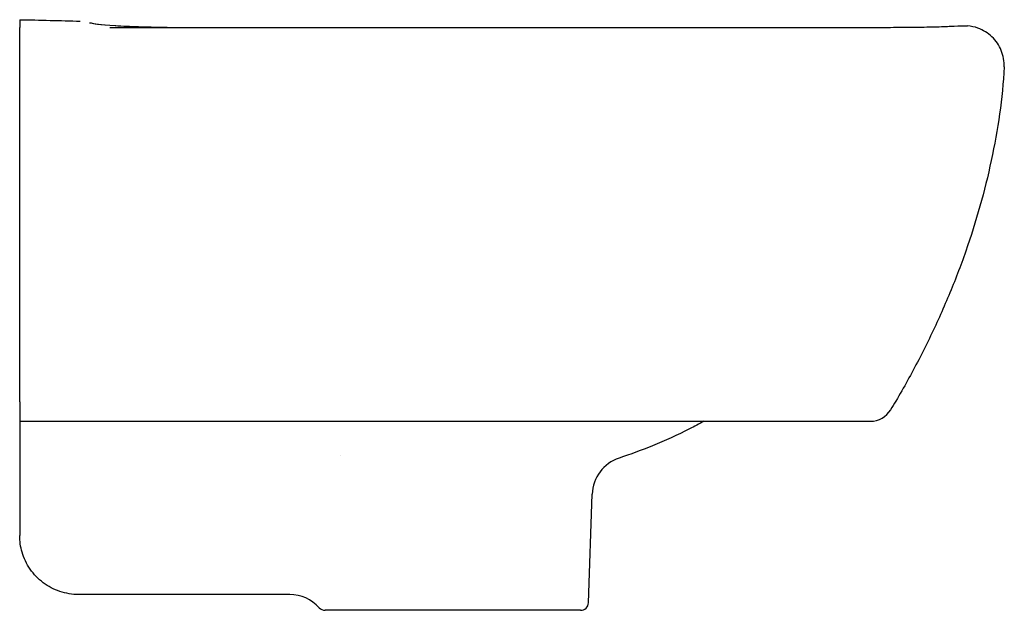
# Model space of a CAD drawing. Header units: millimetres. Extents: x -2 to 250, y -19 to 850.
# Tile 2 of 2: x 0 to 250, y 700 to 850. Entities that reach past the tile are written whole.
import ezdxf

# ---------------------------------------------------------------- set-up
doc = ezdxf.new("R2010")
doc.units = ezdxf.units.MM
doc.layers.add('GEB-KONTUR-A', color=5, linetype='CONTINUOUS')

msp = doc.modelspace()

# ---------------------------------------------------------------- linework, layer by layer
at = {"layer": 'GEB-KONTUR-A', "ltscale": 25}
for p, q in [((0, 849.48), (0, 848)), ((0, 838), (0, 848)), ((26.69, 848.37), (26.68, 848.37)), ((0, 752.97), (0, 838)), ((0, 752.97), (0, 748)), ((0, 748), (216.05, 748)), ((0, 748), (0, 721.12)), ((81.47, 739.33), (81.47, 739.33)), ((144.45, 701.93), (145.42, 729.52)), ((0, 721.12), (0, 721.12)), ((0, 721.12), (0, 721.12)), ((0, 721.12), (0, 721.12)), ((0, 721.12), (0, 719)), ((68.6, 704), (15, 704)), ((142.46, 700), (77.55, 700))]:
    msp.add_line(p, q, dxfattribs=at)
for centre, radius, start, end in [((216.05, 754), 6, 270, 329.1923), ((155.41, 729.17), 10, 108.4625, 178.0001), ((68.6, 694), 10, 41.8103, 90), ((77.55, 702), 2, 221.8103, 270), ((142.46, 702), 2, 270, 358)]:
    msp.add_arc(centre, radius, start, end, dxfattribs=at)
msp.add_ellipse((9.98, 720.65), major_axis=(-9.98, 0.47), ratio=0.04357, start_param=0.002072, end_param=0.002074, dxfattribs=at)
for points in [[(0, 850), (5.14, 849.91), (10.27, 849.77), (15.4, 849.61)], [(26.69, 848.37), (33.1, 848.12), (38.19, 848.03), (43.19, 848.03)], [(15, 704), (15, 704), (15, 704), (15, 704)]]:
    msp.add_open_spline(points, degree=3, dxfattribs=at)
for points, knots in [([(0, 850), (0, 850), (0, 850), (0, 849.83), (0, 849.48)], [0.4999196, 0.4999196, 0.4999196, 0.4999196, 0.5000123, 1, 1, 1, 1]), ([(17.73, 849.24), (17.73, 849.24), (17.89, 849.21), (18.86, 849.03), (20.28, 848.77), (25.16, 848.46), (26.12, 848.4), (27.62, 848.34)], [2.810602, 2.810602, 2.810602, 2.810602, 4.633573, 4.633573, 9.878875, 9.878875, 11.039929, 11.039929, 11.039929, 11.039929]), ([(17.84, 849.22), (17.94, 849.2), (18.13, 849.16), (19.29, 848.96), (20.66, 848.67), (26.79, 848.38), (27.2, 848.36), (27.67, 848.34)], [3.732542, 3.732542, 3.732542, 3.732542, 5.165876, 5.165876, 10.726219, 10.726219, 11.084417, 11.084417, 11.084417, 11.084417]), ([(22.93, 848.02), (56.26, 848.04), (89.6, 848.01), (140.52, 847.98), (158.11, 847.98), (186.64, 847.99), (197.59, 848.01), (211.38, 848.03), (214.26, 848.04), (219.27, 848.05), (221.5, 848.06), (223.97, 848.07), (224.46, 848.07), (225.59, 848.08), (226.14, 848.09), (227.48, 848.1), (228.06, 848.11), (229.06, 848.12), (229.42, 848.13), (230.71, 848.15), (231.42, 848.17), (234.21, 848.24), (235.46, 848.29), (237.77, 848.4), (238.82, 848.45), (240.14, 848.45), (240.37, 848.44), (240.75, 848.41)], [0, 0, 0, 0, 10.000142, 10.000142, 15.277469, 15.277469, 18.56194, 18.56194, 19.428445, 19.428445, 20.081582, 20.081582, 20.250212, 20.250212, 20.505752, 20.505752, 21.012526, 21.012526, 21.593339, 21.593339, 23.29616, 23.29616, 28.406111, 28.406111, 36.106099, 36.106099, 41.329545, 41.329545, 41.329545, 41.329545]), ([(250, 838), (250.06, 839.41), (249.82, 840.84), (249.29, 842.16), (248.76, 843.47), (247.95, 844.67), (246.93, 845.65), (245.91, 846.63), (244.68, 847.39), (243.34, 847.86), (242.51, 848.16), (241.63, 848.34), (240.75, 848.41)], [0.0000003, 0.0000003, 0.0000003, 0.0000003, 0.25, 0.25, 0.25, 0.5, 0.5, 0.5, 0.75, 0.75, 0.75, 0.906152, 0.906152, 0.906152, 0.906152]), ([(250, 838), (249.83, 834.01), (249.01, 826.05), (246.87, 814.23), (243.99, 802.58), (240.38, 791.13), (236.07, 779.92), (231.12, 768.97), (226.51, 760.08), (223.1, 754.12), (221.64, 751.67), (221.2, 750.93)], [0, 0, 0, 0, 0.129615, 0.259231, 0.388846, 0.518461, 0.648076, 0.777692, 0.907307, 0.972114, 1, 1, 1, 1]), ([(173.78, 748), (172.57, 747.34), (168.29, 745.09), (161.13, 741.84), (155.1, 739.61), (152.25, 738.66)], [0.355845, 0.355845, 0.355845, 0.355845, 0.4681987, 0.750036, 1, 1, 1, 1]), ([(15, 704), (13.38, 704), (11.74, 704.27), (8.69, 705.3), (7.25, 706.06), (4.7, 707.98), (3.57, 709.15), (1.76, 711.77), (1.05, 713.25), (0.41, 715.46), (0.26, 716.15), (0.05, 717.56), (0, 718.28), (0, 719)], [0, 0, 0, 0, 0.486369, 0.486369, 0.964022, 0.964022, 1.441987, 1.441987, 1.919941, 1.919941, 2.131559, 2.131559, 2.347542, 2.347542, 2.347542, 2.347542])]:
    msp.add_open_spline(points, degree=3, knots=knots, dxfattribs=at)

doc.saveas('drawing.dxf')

Your goal: Return the records above exactly as written. Do not include their images.

Exercise result:
# Model space of a CAD drawing. Header units: millimetres. Extents: x -2 to 250, y -19 to 850.
# Tile 2 of 2: x 0 to 250, y 700 to 850. Entities that reach past the tile are written whole.
import ezdxf

# ---------------------------------------------------------------- set-up
doc = ezdxf.new("R2010")
doc.units = ezdxf.units.MM
doc.layers.add('GEB-KONTUR-A', color=5, linetype='CONTINUOUS')

msp = doc.modelspace()

# ---------------------------------------------------------------- linework, layer by layer
at = {"layer": 'GEB-KONTUR-A', "ltscale": 25}
for p, q in [((0, 849.48), (0, 848)), ((0, 838), (0, 848)), ((26.69, 848.37), (26.68, 848.37)), ((0, 752.97), (0, 838)), ((0, 752.97), (0, 748)), ((0, 748), (216.05, 748)), ((0, 748), (0, 721.12)), ((81.47, 739.33), (81.47, 739.33)), ((144.45, 701.93), (145.42, 729.52)), ((0, 721.12), (0, 721.12)), ((0, 721.12), (0, 721.12)), ((0, 721.12), (0, 721.12)), ((0, 721.12), (0, 719)), ((68.6, 704), (15, 704)), ((142.46, 700), (77.55, 700))]:
    msp.add_line(p, q, dxfattribs=at)
for centre, radius, start, end in [((216.05, 754), 6, 270, 329.1923), ((155.41, 729.17), 10, 108.4625, 178.0001), ((68.6, 694), 10, 41.8103, 90), ((77.55, 702), 2, 221.8103, 270), ((142.46, 702), 2, 270, 358)]:
    msp.add_arc(centre, radius, start, end, dxfattribs=at)
msp.add_ellipse((9.98, 720.65), major_axis=(-9.98, 0.47), ratio=0.04357, start_param=0.002072, end_param=0.002074, dxfattribs=at)
for points in [[(0, 850), (5.14, 849.91), (10.27, 849.77), (15.4, 849.61)], [(26.69, 848.37), (33.1, 848.12), (38.19, 848.03), (43.19, 848.03)], [(15, 704), (15, 704), (15, 704), (15, 704)]]:
    msp.add_open_spline(points, degree=3, dxfattribs=at)
for points, knots in [([(0, 850), (0, 850), (0, 850), (0, 849.83), (0, 849.48)], [0.4999196, 0.4999196, 0.4999196, 0.4999196, 0.5000123, 1, 1, 1, 1]), ([(17.73, 849.24), (17.73, 849.24), (17.89, 849.21), (18.86, 849.03), (20.28, 848.77), (25.16, 848.46), (26.12, 848.4), (27.62, 848.34)], [2.810602, 2.810602, 2.810602, 2.810602, 4.633573, 4.633573, 9.878875, 9.878875, 11.039929, 11.039929, 11.039929, 11.039929]), ([(17.84, 849.22), (17.94, 849.2), (18.13, 849.16), (19.29, 848.96), (20.66, 848.67), (26.79, 848.38), (27.2, 848.36), (27.67, 848.34)], [3.732542, 3.732542, 3.732542, 3.732542, 5.165876, 5.165876, 10.726219, 10.726219, 11.084417, 11.084417, 11.084417, 11.084417]), ([(22.93, 848.02), (56.26, 848.04), (89.6, 848.01), (140.52, 847.98), (158.11, 847.98), (186.64, 847.99), (197.59, 848.01), (211.38, 848.03), (214.26, 848.04), (219.27, 848.05), (221.5, 848.06), (223.97, 848.07), (224.46, 848.07), (225.59, 848.08), (226.14, 848.09), (227.48, 848.1), (228.06, 848.11), (229.06, 848.12), (229.42, 848.13), (230.71, 848.15), (231.42, 848.17), (234.21, 848.24), (235.46, 848.29), (237.77, 848.4), (238.82, 848.45), (240.14, 848.45), (240.37, 848.44), (240.75, 848.41)], [0, 0, 0, 0, 10.000142, 10.000142, 15.277469, 15.277469, 18.56194, 18.56194, 19.428445, 19.428445, 20.081582, 20.081582, 20.250212, 20.250212, 20.505752, 20.505752, 21.012526, 21.012526, 21.593339, 21.593339, 23.29616, 23.29616, 28.406111, 28.406111, 36.106099, 36.106099, 41.329545, 41.329545, 41.329545, 41.329545]), ([(250, 838), (250.06, 839.41), (249.82, 840.84), (249.29, 842.16), (248.76, 843.47), (247.95, 844.67), (246.93, 845.65), (245.91, 846.63), (244.68, 847.39), (243.34, 847.86), (242.51, 848.16), (241.63, 848.34), (240.75, 848.41)], [0.0000003, 0.0000003, 0.0000003, 0.0000003, 0.25, 0.25, 0.25, 0.5, 0.5, 0.5, 0.75, 0.75, 0.75, 0.906152, 0.906152, 0.906152, 0.906152]), ([(250, 838), (249.83, 834.01), (249.01, 826.05), (246.87, 814.23), (243.99, 802.58), (240.38, 791.13), (236.07, 779.92), (231.12, 768.97), (226.51, 760.08), (223.1, 754.12), (221.64, 751.67), (221.2, 750.93)], [0, 0, 0, 0, 0.129615, 0.259231, 0.388846, 0.518461, 0.648076, 0.777692, 0.907307, 0.972114, 1, 1, 1, 1]), ([(173.78, 748), (172.57, 747.34), (168.29, 745.09), (161.13, 741.84), (155.1, 739.61), (152.25, 738.66)], [0.355845, 0.355845, 0.355845, 0.355845, 0.4681987, 0.750036, 1, 1, 1, 1]), ([(15, 704), (13.38, 704), (11.74, 704.27), (8.69, 705.3), (7.25, 706.06), (4.7, 707.98), (3.57, 709.15), (1.76, 711.77), (1.05, 713.25), (0.41, 715.46), (0.26, 716.15), (0.05, 717.56), (0, 718.28), (0, 719)], [0, 0, 0, 0, 0.486369, 0.486369, 0.964022, 0.964022, 1.441987, 1.441987, 1.919941, 1.919941, 2.131559, 2.131559, 2.347542, 2.347542, 2.347542, 2.347542])]:
    msp.add_open_spline(points, degree=3, knots=knots, dxfattribs=at)

doc.saveas('drawing.dxf')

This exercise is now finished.